Newspaper article The Evening Standard (London, England)

Crowdsourcing the Best Books for Christmas; the Most Chosen Books of the Year

Article excerpt

Byline: David Sexton

IF YOU want to be fancy, you could call it "crowdsourcing" -- a term invented by Jeff Howe in a 2006 Wired magazine article for the process of allocating tasks usually performed by individuals to a group of people, thus calling upon communal intelligence. I've always thought of it more as "composting down", making something consistent and salubrious out of disparate waste matter.

Whichever term you prefer, it is a fact that Books of the Year choices are best weighed en masse, rather than credited individually. Dr Johnson generously allowed that a man is not under oath in lapidary inscriptions. Reviewers feel just the same when invited to choose their books of the year.

That's why so many freely testify to old friendships and longstanding loyalties of one sort or another (sapphism, Wales, postcolonialism).

That's how so many reviewers, including such bastions of probity as A S Byatt and the Archbishop of Canterbury, manage to make their "choice" several times over for the year: some of them divertingly different, some stoutly the same.

No embarrassment need be felt, for these selections are not to be understood as any kind of eternal testament. Many are little more than a stamp-saving literary Christmas card -- or not even that, just a cheery little wave across a crowded room.

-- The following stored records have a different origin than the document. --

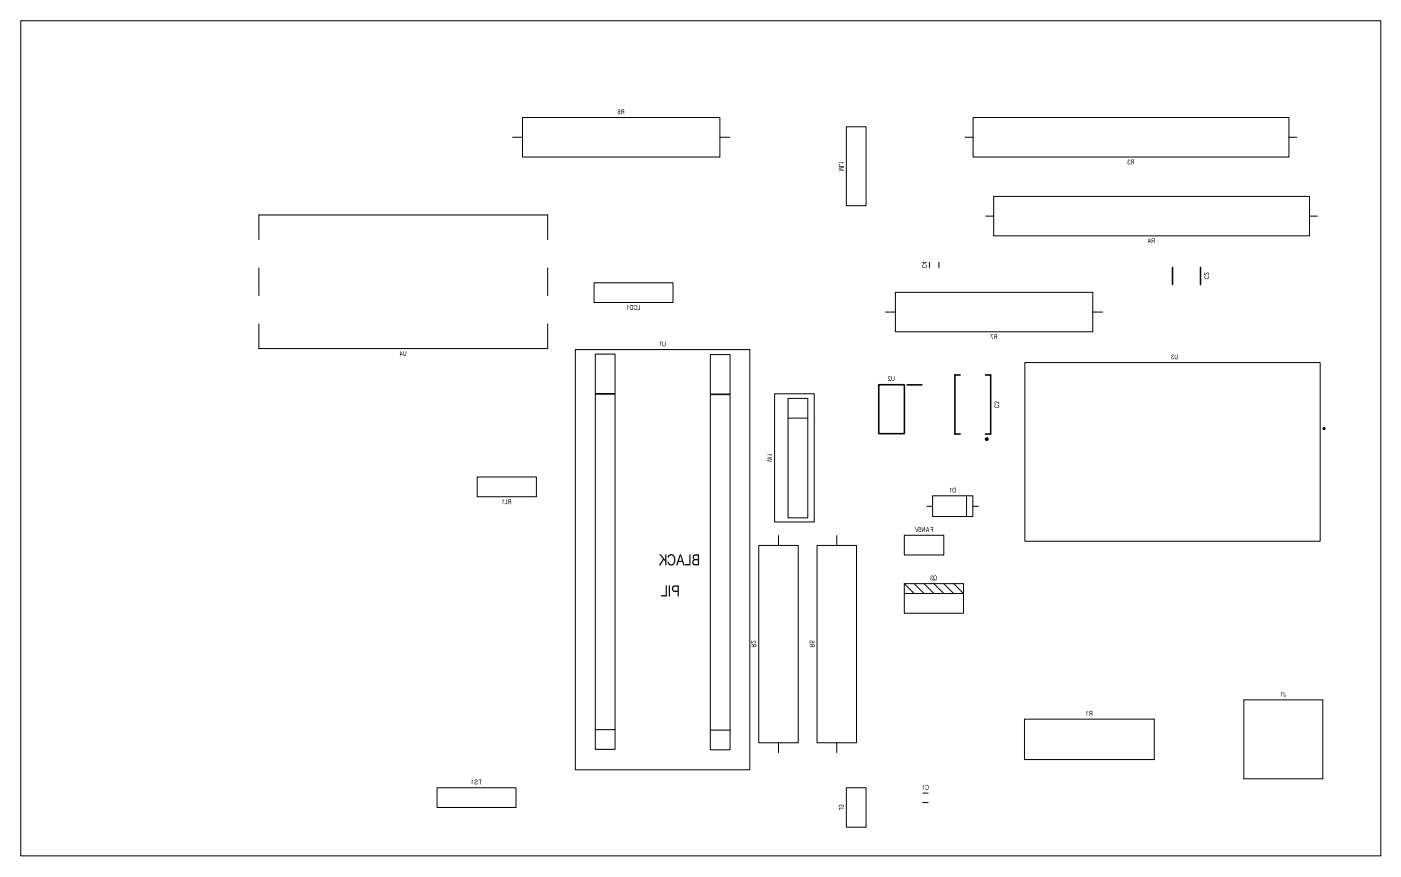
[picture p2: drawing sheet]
<svg xmlns="http://www.w3.org/2000/svg" width="180mm" height="113mm" viewBox="0 0 180 113" stroke-linecap="round" stroke-linejoin="round" font-family="sans-serif">
<g fill="none" stroke="#000" stroke-width=".13">
<path d="M2.7 2.7h175v107.5h-175zM66 17.7h1.2M67.2 15.1h25.4v5.1h-25.4zM92.6 17.7h1.3M108.9 16.3h2.5v10.2h-2.5zM124.2 17.7h1M125.2 15.1h40.6v5.1h-40.6zM165.8 17.7h1.1M33.3 30.8v-3.1h37.2v3.1M33.3 34.5v3.5M70.5 34.5v3.5M76.4 36.4h10.2v2.5h-10.2z"/>
<path d="M115.2 37.6h25.4v5.1h-25.4zM119.6 33.8v.7M120.8 33.8v.7M126.8 27.8h1.1M127.9 25.3h40.6v5.1h-40.6zM168.5 27.8h1M33.3 41.7v3.2h37.2v-3.2M74 45h22.5v54.1h-22.5zM76.6 50.7h2.5v45.8h-2.5zM76.6 45.6h2.5v5.1h-2.5zM91.4 50.8h2.5v45.7h-2.5zM91.4 45.6h2.5v5.1h-2.5z"/>
<path d="M99.7 50.7h5.1v16.5h-5.1zM101.4 51.3h2.5v15.4h-2.5zM101.4 53.8h2.5M113.9 40.2h1.3M131.9 46.7h38v23h-38zM140.6 40.2h1.3M61.4 61.4h7.6v2.5h-7.6zM97.6 70.2h5.1v25.4h-5.1zM100.2 68.9v1.3M105.1 70.2h5.1v25.4h-5.1zM107.7 68.9v1.3M116.4 68.9h5v2.5h-5z"/>
<path d="M116.4 76.4h7.6v2.5h-7.6zM116.4 75.1h7.6v1.3l-1.3-1.3M116.4 75.1v1.3M116.4 75.1l1.2 1.3M117.6 75.1l1.3 1.3M118.9 75.1l1.3 1.3M119.3 65.2h.7M120 63.8h5.2v2.7h-5.2zM120.2 75.1l1.2 1.3M121.4 75.1l1.3 1.3M124.4 63.8v2.7M125.2 65.2h.7"/>
<path d="M76.6 93.9h2.5M91.4 94h2.5M100.2 95.6v1.3M107.7 95.6v1.3M131.8 92.6h16.7v5.2h-16.7zM160 90.1h10.2v10.1h-10.2zM56.2 101.4h10.2v2.5h-10.2zM108.9 101.4h2.5v5.1h-2.5zM118.7 103.3h.7M118.7 102.1h.7"/>
</g>
<g fill="#000">
<path d="M79.9 14.1v.2l.1 .1-.1 .3 .3-.3v.3h.1v-.6zM80 14.2l.2-.1v.3l-.2-.1zM79.5 14.1v.1a.13 .13 0 0 1 .1-.1 .13 .13 0 0 1 .1 .2l.1 .1a.15 .15 0 0 0-.2-.1 .15 .15 0 0 0-.1 .2 .16 .16 0 0 0 .1 .2 .16 .16 0 0 0 .2-.1v-.4zM79.5 14.5a.12 .12 0 0 1 .2 0 .12 .12 0 0 1-.2 0z"/>
<path d="M82.3 39.3v.5h-.3v.1h.3v-.6zM81.6 39.3v.1h.1a.22 .22 0 0 1 .2 .2 .22 .22 0 0 1-.2 .2l-.1-.1a.18 .18 0 0 0 .2 .2 .18 .18 0 0 0 .2-.1 .29 .29 0 0 0 0-.4 .29 .29 0 0 0-.4-.1zM81.1 39.3v.1a.33 .33 0 0 0 0 .4 .33 .33 0 0 0 .4 .1v-.6zM81.2 39.4l.2-.1v.5a.25 .25 0 0 1-.3-.1 .25 .25 0 0 1 .1-.3zM80.7 39.3l.1 .6v-.5l.1 .1v-.1z"/>
<path d="M107.9 21.5h.6l-.6 .2 .6 .2-.6 .1h.7v-.1l-.6-.2 .6-.1v-.1zM107.9 21.1v.3h.7h-.6v-.3zM107.9 20.9h.5l-.1 .2 .3-.2z"/>
<path d="M118.7 34.1a.28 .28 0 0 0 .3 .4 .28 .28 0 0 0 .2-.4h-.1l.1 .1a.22 .22 0 0 1-.2 .2 .22 .22 0 0 1-.3-.2l.1-.2zM118.6 33.7l.2 .1v.2l.5-.2-.4-.1zM118.9 33.8h.2l-.2 .1z"/>
<path d="M145.5 20.6v.2l.1 .1-.1 .3 .3-.3v.3h.1v-.7zM145.6 20.6h.2v.2h-.2zM145.1 20.6v.3a.17 .17 0 0 0 .1 .2 .17 .17 0 0 0 .2-.1l-.1 .1a.12 .12 0 0 1-.2-.1 .12 .12 0 0 1 .2-.1l-.1-.2 .1-.1v.1l.1-.1-.1-.1z"/>
<path d="M148.2 30.7v.2l.1 .1-.2 .3 .3-.3h.1v.3h.1v-.6zM148.2 30.8l.3-.1v.3l-.2-.1zM147.8 30.7l-.1 .5 .2 .1v-.1h.2v-.1zM147.9 30.8l.1 .3h-.1z"/>
<path d="M155 35.5a.28 .28 0 0 0 .3 .4 .28 .28 0 0 0 .2-.3l-.1-.1 .1 .1a.22 .22 0 0 1-.2 .3 .22 .22 0 0 1-.3-.3l.1-.1zM154.9 35.1v.3l.2-.1a.25 .25 0 0 1 .4-.1l-.1 .1a.16 .16 0 0 0 .2-.1 .16 .16 0 0 0-.1-.2 .16 .16 0 0 0-.2 .1l-.3 .2v-.2z"/>
<path d="M51.9 45.2v.4a.21 .21 0 0 0 .1 .2 .21 .21 0 0 0 .3-.1v-.5h-.1v.4a.14 .14 0 0 1-.1 .2 .14 .14 0 0 1-.2-.1v-.5zM51.5 45.2l-.1 .5 .2 .1v-.1h.2v-.1zM51.6 45.3l.1 .3h-.1z"/>
<path d="M85.2 43.9v.4a.21 .21 0 0 0 .2 .3 .21 .21 0 0 0 .2-.2v-.5v.4a.14 .14 0 0 1-.1 .2 .14 .14 0 0 1-.2-.1v-.5zM84.9 43.9l.1 .7v-.5l.1 .1v-.1z"/>
<path d="M98.7 58.9l.6 .2-.6 .1v.1l.6 .1-.5-.1 .5-.1v-.1l-.5-.1 .5-.1v-.1zM98.7 58.5l.5 .1-.1 .1 .2-.2z"/>
<path d="M114.7 48.4v.4a.21 .21 0 0 0 .1 .2 .21 .21 0 0 0 .3-.1v-.5h-.1v.4a.14 .14 0 0 1 0 .2 .14 .14 0 0 1-.2-.1v-.5zM114.3 48.5v.1l.2 .4h-.2h.3l-.1-.1a.25 .25 0 0 1-.1-.4l.2 .1-.1-.2z"/>
<path d="M128 52.2a.28 .28 0 0 0 .3 .3 .28 .28 0 0 0 .2-.3l-.1-.1 .1 .1a.22 .22 0 0 1-.2 .3 .22 .22 0 0 1-.3-.3l.1-.1zM128 51.7v.2l.1 .1-.1-.1a.12 .12 0 0 1 .1-.2 .12 .12 0 0 1 .1 .2l.3-.1v.1h-.1a.14 .14 0 0 0 .2-.1 .16 .16 0 0 0-.3-.1z"/>
<path d="M127.9 43.1v.2l.1 .1-.2 .3 .3-.3h.1v.3h.1v-.7zM128 43.1h.2v.2h-.2zM127.5 43l.2 .7-.2-.6h.3v-.1z"/>
<path d="M151.1 45.6v.4a.21 .21 0 0 0 .2 .2 .21 .21 0 0 0 .2-.1v-.5v.4a.14 .14 0 0 1-.1 .2 .14 .14 0 0 1-.2-.1v-.5zM150.8 45.7v.2a.17 .17 0 0 0 0 .3 .17 .17 0 0 0 .3-.1l-.1 .1a.12 .12 0 0 1-.2-.1 .12 .12 0 0 1 .1-.2l-.1-.2h.1l.1 .1v-.1l-.1-.1z"/>
<path d="M65.4 64.3v.2l.1 .1-.2 .3 .3-.3h.1v.3h.1v-.6zM65.5 64.4l.2-.1v.2h-.2zM65.2 64.3v.5h-.3v.1h.3v-.6zM64.7 64.3v.6v-.5l.2 .1v-.1z"/>
<path d="M86.6 75.4l-.1 .2a.43 .43 0 0 0 .4 .6h.3v.6h.1v-1.4zM86.7 75.6l.5-.1v.5h-.5l-.1-.2zM86.1 75.4v1.4h.1v-1.4zM85.7 75.4v1.2h-.6v.2h.7v-1.4z"/>
<path d="M89.2 71.5l-.1 .2 .2 .3a.4 .4 0 0 0-.2 .5 .4 .4 0 0 0 .4 .3h.4v-1.4zM89.3 71.6l.5-.1v.5h-.3a.22 .22 0 0 1-.2-.2 .22 .22 0 0 1 0-.2zM89.3 72.2l.5-.1v.5h-.3a.25 .25 0 0 1-.3-.1 .25 .25 0 0 1 .1-.3zM88.7 71.4v1.2h-.6v.2h.7v-1.4zM87.5 71.4l-.5 1.4h.2l.1-.5h.5l.1 .5h.2l-.5-1.4zM87.6 71.5l.1 .7h-.3zM86.1 71.4l-.2 .3 .1 .1a.38 .38 0 0 1 .5-.3 .38 .38 0 0 1 .2 .6 .38 .38 0 0 1-.2 .5 .38 .38 0 0 1-.5-.3h-.1a.54 .54 0 0 0 .6 .5 .54 .54 0 0 0 .4-.7 .56 .56 0 0 0-.2-.6 .56 .56 0 0 0-.6-.1zM84.8 71.4l.5 .5-.5 .9h.2l.4-.7 .2 .2v.5h.2v-1.4h-.2v.7l-.6-.7z"/>
<path d="M119.7 67.8v.1h.3v.2h-.3v.1h.3v.3h.1v-.7zM119.3 67.8l-.2 .7 .2-.2h.2l.1 .2-.2-.7zM119.4 67.9v.3h-.1zM118.6 67.8v.7l.4-.5v.5v-.7l-.3 .5v-.5zM118.2 67.9h.2v.2a.18 .18 0 0 0-.2 .1 .18 .18 0 0 0 .1 .2 .18 .18 0 0 0 .2-.1 .11 .11 0 0 1-.2 0 .11 .11 0 0 1 0-.1 .11 .11 0 0 1 .2 0v-.3zM117.7 67.8l.2 .7h.1l.2-.7h-.1l-.1 .6z"/>
<path d="M120.2 74.2l-.1 .2 .1 .2-.1 .1a.33 .33 0 0 0 .5-.2 .33 .33 0 0 0-.3-.4zM120.2 74.2a.23 .23 0 0 1 .3 .2 .23 .23 0 0 1-.2 .2 .22 .22 0 0 1-.2-.2 .22 .22 0 0 1 .1-.2zM119.8 74.1v.3a.17 .17 0 0 0 0 .3 .18 .18 0 0 0 .3-.2l-.1 .1a.12 .12 0 0 1-.2-.1 .12 .12 0 0 1 .1-.1l-.1-.2 .1-.1 .1 .2v-.1l-.1-.1z"/>
<path d="M122.6 62.8v.1a.33 .33 0 0 0 0 .4 .33 .33 0 0 0 .4 .1v-.6zM122.7 62.9h.2v.4a.25 .25 0 0 1-.3-.1 .25 .25 0 0 1 .1-.3zM122.2 62.8l.1 .6v-.5l.1 .1v-.1z"/>
<path d="M96.7 82.8l.3 .3v.1h-.3v.1h.6v-.2a.17 .17 0 0 0-.1-.2 .17 .17 0 0 0-.2 .1zM97.1 83h.1v.2h-.2zM96.7 82.5v.3l.1-.1a.25 .25 0 0 1 .4-.1l-.1 .1a.16 .16 0 0 0 .2-.1 .16 .16 0 0 0-.1-.2 .16 .16 0 0 0-.2 .1l-.2 .2v-.2z"/>
<path d="M104.2 82.8l.3 .3v.1h-.3v.1h.6v-.2a.17 .17 0 0 0-.1-.2 .17 .17 0 0 0-.2 .1zM104.6 83h.1v.2h-.2zM104.2 82.5v.2l.1 .1 .1-.1a.11 .11 0 0 1-.1-.1 .11 .11 0 0 1 .2 0 .11 .11 0 0 1 0 .1h.3v-.2h-.1v.2h-.1a.19 .19 0 0 0-.1-.2 .19 .19 0 0 0-.3 0z"/>
<path d="M140.2 91.6v.1l.1 .1-.2 .3 .3-.2h.1v.2v-.6zM140.2 91.6h.3v.2h-.3zM139.8 91.5l.1 .6v-.5l.1 .1z"/>
<path d="M165.2 89v.6a.12 .12 0 0 0 .2 .1 .12 .12 0 0 0 0-.2v.1h-.1l-.1-.6zM164.9 89v.7v-.5l.2 .1v-.1z"/>
<path d="M61.6 100.3v.1h.2v.6v-.6h.2v-.1zM61.1 100.4v.1a.11 .11 0 0 1 .2-.1 .11 .11 0 0 1 0 .2 .2 .2 0 0 0-.2 .1 .2 .2 0 0 0 .1 .3 .2 .2 0 0 0 .3-.2h-.1a.13 .13 0 0 1-.1 .1 .13 .13 0 0 1-.2-.1 .13 .13 0 0 1 .2-.1 .18 .18 0 0 0 .1-.3 .18 .18 0 0 0-.3 0zM60.7 100.3l.1 .7v-.5l.1 .1v-.1z"/>
<path d="M108 104l-.1 .2 .2 .1-.1-.2h.6v-.1zM108 103.6v.2l.1 .1-.1-.1a.12 .12 0 0 1 .1-.2 .12 .12 0 0 1 .1 .2l.3-.1v.1h-.1a.14 .14 0 0 0 .2-.1 .16 .16 0 0 0-.3-.1z"/>
<path d="M119.1 101.1v.1l.1-.1a.22 .22 0 0 1 .2 .2 .22 .22 0 0 1-.2 .3l-.1-.2a.18 .18 0 0 0 .1 .3 .18 .18 0 0 0 .3-.2 .29 .29 0 0 0 0-.3 .29 .29 0 0 0-.4-.1zM118.8 101v.7v-.5l.1 .1v-.1z"/>
</g>
<g fill="none" stroke="#000" stroke-width=".2">
<path d="M150.9 34.4v2.2M154.5 34.4v2.2M113.1 49.5h3.3v6.3h-3.3zM116.7 49.5h1.9M123.5 48.3h-.6v7.6h.6M126.8 48.3h.7v7.6h-.7"/>
<circle cx="170.4" cy="55.2" r=".1"/>
</g>
<circle cx="127" cy="56.5" r=".13" fill="none" stroke="#000" stroke-width=".25"/>
</svg>

Nevertheless, the wisdom of crowds prevails. Taken together, books of the year choices do reliably reveal the most highly rated titles, so here, by way of a last-minute Christmas shopping list, is a conspectus.

In fiction, the clear winner was Alan Hollinghurst's The Stranger's Child (Picador, [pounds sterling]20), chosen some 16 times in the newspapers and magazines I've contrived to collate, followed by Jennifer Egan's A Visit from the Goon Squad (Corsair, [pounds sterling]16.99), named more than a dozen times. Edward St Aubyn's At Last (Picador, [pounds sterling]16. …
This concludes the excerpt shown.